2

Only one plane passes through $y=x$ and $y=x+1$. If its wrong then why so? Is there any other plane that passes through these two lines?

  • 5
    Any three noncollinear points define a plane. Can you find three noncollinear points on a pair of parallel lines? – Xander Henderson Aug 25 '18 at 13:12
  • 2
    What you write are planes in $R^3$. So the intersection, if any, is a line and from a line pass uncountable many planes. – dmtri Aug 25 '18 at 13:17
  • 1
    Give him some + to be abale to make comments. – Mikasa Aug 25 '18 at 13:22
  • 1
    @dmtri Oi... I didn't even think about that–I read the title of the question and kind of ignored the rest of it. Prashanth CN: This does need clarification. You ask about two parallel lines, but the equations that you have given do you not define lines in higher dimensional spaces. In three-dimensional space, each of those equations defines a plane. More generally, those equations define hyperplanes of codimension 1. – Xander Henderson Aug 25 '18 at 13:23
  • 3
    @ResidentDementor New users cannot generally comment, but they can comment on their own questions and answers. This is explained in this question on the main meta. – Xander Henderson Aug 25 '18 at 13:24
  • If the problem is 2D, there is only one plane and any line lies in it.

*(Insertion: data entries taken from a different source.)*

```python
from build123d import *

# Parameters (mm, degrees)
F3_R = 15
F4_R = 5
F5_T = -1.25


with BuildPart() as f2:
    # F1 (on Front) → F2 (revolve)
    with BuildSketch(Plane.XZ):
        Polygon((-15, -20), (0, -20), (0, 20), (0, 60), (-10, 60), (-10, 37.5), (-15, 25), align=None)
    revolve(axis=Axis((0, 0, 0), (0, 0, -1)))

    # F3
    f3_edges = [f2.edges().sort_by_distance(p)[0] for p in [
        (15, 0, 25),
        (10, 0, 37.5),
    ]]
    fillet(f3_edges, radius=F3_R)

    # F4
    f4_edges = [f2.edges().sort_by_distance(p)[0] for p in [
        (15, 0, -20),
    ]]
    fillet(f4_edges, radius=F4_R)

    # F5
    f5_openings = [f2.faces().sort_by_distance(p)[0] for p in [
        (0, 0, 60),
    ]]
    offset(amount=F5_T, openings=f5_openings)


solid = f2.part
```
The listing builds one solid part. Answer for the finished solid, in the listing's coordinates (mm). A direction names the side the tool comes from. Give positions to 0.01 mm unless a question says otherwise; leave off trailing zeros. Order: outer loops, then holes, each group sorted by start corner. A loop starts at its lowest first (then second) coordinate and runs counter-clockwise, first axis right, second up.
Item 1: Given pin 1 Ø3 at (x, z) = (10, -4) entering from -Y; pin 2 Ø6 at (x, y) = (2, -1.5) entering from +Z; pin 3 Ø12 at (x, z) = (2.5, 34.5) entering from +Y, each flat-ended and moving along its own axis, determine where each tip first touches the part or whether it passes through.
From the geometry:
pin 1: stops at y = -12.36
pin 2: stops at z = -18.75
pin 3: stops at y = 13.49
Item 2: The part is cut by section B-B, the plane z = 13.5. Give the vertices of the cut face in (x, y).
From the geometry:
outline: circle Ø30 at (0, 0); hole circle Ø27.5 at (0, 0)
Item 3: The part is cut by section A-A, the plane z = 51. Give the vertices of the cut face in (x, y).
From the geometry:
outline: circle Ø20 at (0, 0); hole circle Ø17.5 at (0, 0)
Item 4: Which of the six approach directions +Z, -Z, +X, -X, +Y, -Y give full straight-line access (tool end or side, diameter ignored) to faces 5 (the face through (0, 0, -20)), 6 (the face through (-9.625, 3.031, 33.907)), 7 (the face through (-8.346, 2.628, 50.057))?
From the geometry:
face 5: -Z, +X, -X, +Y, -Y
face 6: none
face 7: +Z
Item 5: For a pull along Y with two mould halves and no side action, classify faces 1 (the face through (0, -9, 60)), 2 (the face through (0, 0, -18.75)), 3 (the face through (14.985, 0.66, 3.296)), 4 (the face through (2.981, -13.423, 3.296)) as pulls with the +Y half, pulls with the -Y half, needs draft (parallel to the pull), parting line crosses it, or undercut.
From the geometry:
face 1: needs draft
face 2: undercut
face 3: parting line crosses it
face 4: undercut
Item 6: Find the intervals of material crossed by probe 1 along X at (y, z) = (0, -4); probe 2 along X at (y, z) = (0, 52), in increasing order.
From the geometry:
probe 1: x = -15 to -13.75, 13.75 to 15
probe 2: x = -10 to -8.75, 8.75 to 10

    If the problem is 3D, you didn't specify the equations of two lines.

    –  Aug 25 '18 at 15:32
  • Why so many upvotes for a question that is meaningless ? –  Aug 25 '18 at 15:32
  • @Yves Daoust: The question isn't meaningless. The only "problem" I see, is that the two lines given as an example, were not given in their 3D version. – Jens Aug 25 '18 at 15:38

2 Answers2

0

Yes, two parallel lines is one way to determine a plane. But, as stated in the comments, the lines must be given in their 3D version.

Jens
  • 5,786
0

If the problem is 2D, there is only one plane and any line lies in it.

If the problem is 3D, you didn't give the equations of two lines !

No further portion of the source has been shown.